Frady was once the editor of the Nevada Appeal. As an ex-newspaperman, he makes it clear that he deals in facts, not what-ifs. “I’d have to see it,” he says. “Every case is different.”

“Let’s deal with the reality,” Lichtenstein says. “No one thought it was an adult club. Some abstract breasts offended someone’s sensibilities, and the city came up with a lame excuse that wouldn’t withstand scrutiny.”

“The sad thing about the story is that a private enterprise was intimidated by government bureaucracy instead of testing its First Amendment rights,” says Richard Siegel, president of the ACLU of Nevada.
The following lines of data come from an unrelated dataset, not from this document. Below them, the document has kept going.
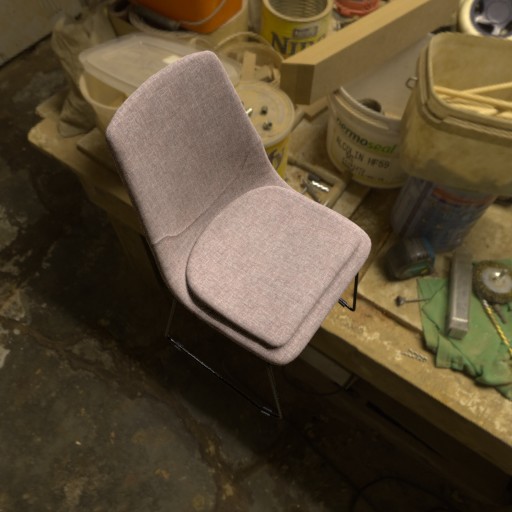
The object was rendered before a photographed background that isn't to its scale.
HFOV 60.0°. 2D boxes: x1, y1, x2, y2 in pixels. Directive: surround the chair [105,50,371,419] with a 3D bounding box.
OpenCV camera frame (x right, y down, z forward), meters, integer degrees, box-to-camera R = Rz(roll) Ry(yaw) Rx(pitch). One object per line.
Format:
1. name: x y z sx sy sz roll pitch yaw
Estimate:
1. chair: 0.000 0.000 1.148 0.518 0.858 0.479 33 65 17
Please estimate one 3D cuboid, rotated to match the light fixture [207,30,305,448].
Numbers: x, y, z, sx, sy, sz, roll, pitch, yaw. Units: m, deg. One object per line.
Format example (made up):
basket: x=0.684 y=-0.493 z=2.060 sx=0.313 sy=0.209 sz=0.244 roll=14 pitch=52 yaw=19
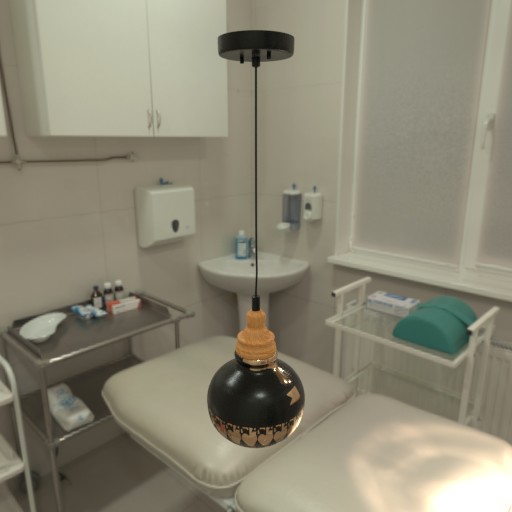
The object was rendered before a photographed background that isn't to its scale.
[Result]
light fixture: x=0.000 y=0.000 z=1.792 sx=0.430 sy=1.606 sz=0.430 roll=13 pitch=20 yaw=41
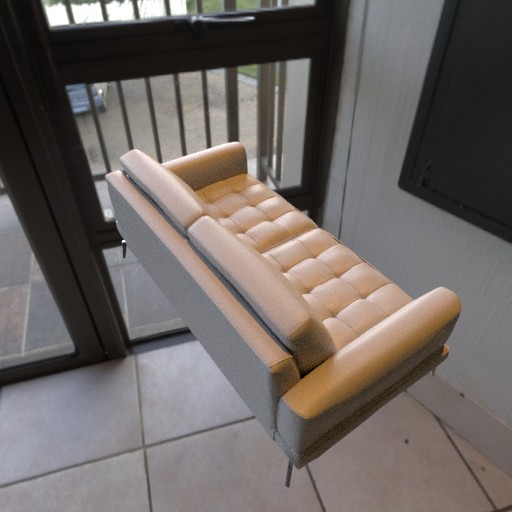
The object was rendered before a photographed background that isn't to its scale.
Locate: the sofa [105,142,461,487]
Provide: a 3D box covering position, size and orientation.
[{"bbox_3d":[0.000,0.000,2.711,1.121,0.930,2.177,-25,47,-25],"label":"sofa"}]
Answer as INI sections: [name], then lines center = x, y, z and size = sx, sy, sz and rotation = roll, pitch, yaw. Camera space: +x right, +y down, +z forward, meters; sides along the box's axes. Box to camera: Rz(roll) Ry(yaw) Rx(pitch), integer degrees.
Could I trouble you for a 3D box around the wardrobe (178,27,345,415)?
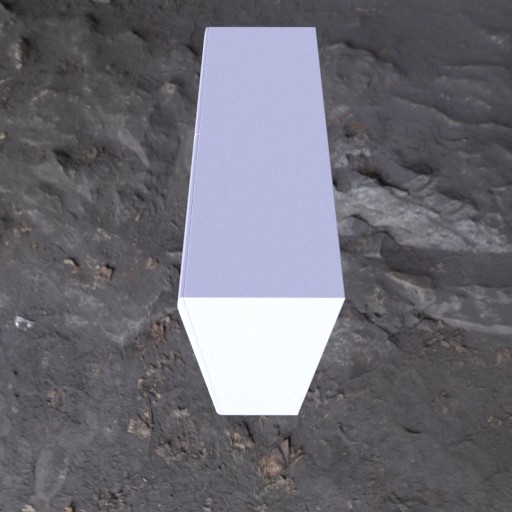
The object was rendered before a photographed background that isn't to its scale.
[wardrobe]
center = 0.000, 0.000, 1.629
size = 0.360, 1.200, 0.900
rotation = 0, 60, 0
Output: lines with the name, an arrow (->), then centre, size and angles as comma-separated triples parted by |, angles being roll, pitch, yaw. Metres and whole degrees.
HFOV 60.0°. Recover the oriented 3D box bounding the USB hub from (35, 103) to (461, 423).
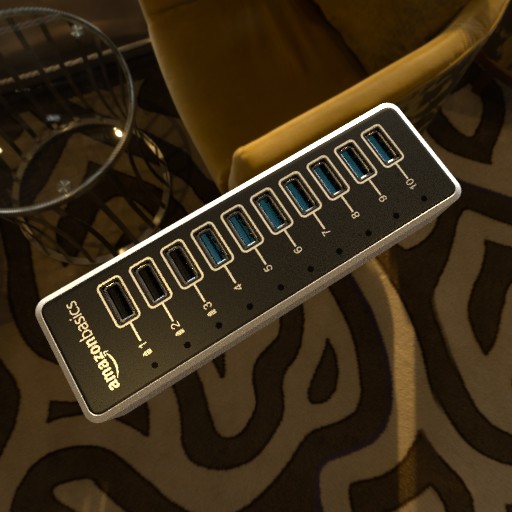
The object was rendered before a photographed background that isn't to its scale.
USB hub -> 0.000, 0.000, 0.159 | 0.145, 0.023, 0.044 | -31, 77, -8
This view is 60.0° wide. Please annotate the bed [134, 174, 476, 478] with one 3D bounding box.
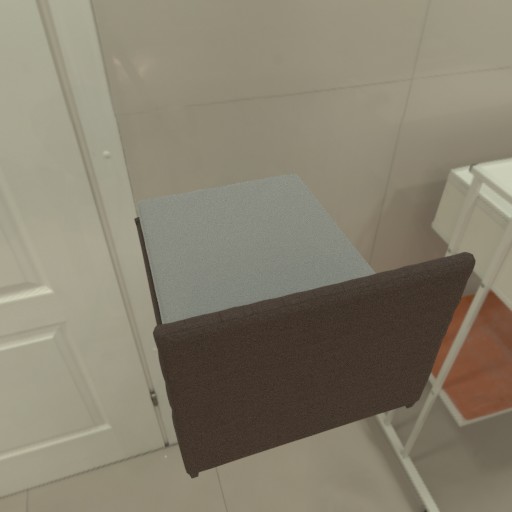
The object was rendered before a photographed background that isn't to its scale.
[{"bbox_3d":[0.000,0.000,3.409,1.698,1.427,2.387,-12,42,-14],"label":"bed"}]
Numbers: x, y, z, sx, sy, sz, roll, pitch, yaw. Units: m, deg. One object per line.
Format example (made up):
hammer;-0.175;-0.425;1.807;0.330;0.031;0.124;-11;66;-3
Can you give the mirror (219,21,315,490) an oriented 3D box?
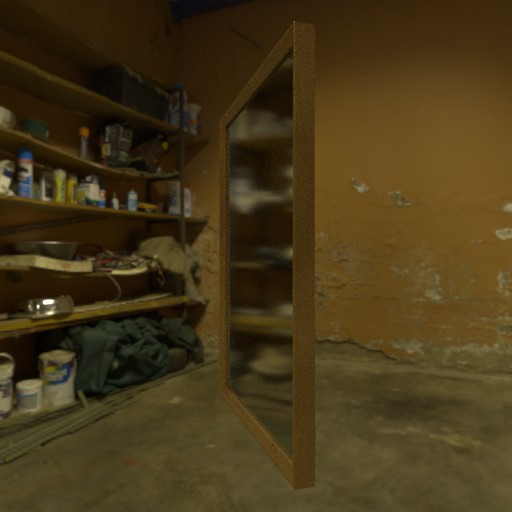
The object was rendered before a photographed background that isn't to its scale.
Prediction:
mirror;0.000;0.000;0.919;0.039;0.710;0.507;0;-1;-18
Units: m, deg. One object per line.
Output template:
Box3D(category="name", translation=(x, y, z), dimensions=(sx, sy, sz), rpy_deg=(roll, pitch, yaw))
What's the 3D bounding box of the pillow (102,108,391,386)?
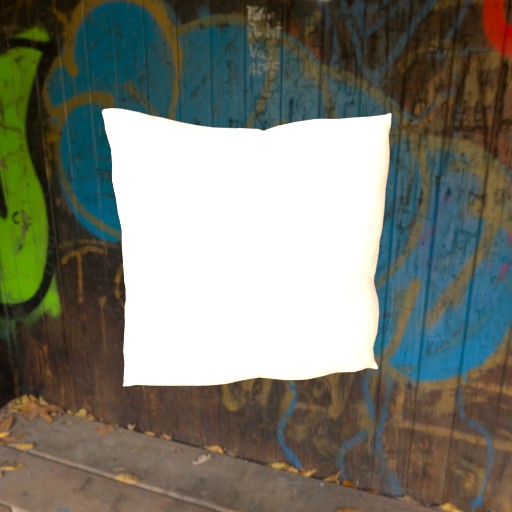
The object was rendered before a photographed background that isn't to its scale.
Box3D(category="pillow", translation=(0.000, 0.000, 0.713), dimensions=(0.450, 0.448, 0.245), rpy_deg=(-2, 15, -8))
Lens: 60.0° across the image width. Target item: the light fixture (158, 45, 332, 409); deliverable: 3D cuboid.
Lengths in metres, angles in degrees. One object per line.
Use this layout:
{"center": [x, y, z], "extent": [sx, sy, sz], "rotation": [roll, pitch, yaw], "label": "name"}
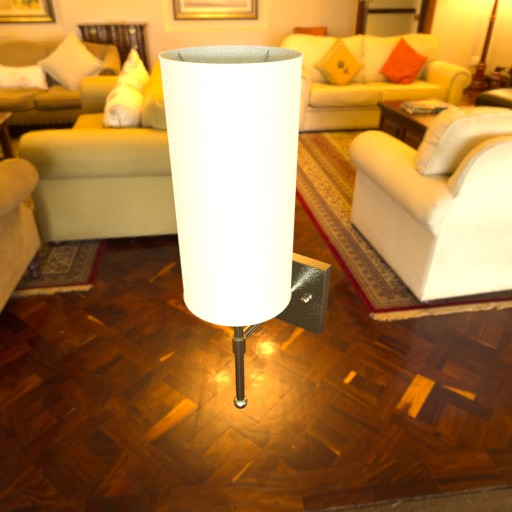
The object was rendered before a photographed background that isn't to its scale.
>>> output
{"center": [0.000, 0.000, 0.542], "extent": [0.128, 0.462, 0.208], "rotation": [19, 36, 28], "label": "light fixture"}
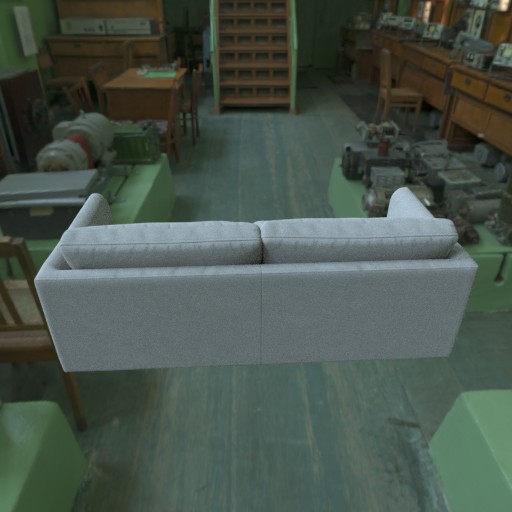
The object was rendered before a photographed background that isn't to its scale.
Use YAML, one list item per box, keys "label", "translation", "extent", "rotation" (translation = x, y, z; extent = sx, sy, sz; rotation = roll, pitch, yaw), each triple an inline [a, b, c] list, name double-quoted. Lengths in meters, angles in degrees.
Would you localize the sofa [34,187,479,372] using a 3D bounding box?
- label: "sofa"
  translation: [0.000, 0.000, 2.779]
  extent: [2.588, 0.838, 1.090]
  rotation: [-2, 31, -3]
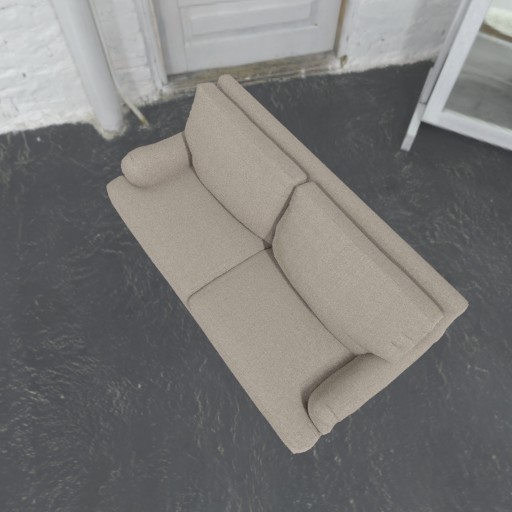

“Our message is to the larger artistic community of Nevada. The ACLU stands ready and has the resources necessary to defend artists, whether commercial, aesthetic or political.”

If anyone thinks the government is attempting to restrict their rights, he says, “the first thing they should do is contact the ACLU.”

“Our code enforcement officers work hard to gain voluntary compliance,” Frady says.

By that measure, Jim Bushey did his job well.

Back at the West Second Street Bar, Lindsay’s voice is a lullaby. He downs a nip of gin.

“I can cover [the breasts]," he says, "but that won’t change the problem."